> **What the task requires**:
In the entries below, the lines from the one with "11) car (81,195,96,202)" through the one with "16) car (59,197,72,203)" are to be copied exactly; both ends count.

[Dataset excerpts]
[Start of Attachment]

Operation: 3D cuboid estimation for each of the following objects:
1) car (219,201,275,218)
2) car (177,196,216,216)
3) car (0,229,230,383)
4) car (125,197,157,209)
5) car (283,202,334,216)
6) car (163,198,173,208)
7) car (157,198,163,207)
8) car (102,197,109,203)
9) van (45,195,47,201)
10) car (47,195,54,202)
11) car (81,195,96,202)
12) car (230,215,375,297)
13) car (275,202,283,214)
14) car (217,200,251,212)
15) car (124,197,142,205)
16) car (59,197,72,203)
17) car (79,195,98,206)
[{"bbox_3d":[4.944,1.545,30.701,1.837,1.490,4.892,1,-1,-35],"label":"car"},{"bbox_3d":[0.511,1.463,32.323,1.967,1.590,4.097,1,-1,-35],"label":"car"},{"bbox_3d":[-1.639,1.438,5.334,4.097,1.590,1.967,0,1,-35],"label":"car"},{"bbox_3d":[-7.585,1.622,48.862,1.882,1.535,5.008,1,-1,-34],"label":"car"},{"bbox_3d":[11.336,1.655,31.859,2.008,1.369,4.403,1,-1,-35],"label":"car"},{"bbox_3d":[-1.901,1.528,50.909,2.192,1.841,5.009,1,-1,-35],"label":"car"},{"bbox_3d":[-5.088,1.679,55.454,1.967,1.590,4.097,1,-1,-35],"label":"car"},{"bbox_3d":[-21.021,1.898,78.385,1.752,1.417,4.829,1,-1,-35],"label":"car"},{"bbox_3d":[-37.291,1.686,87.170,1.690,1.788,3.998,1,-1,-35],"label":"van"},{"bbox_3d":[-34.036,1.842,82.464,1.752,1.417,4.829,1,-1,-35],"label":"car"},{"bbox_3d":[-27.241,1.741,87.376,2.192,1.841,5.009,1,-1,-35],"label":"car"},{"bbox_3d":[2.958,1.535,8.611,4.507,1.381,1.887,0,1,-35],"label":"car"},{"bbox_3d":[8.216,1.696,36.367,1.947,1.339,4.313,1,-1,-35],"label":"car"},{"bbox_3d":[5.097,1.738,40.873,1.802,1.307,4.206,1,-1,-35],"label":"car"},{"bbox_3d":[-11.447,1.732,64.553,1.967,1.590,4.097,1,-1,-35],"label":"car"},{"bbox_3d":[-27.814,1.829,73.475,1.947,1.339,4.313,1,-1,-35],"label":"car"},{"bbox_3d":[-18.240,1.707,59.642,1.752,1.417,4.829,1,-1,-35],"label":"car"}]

[End of Attachment]

> **Solution to this task**:
11) car (81,195,96,202)
12) car (230,215,375,297)
13) car (275,202,283,214)
14) car (217,200,251,212)
15) car (124,197,142,205)
16) car (59,197,72,203)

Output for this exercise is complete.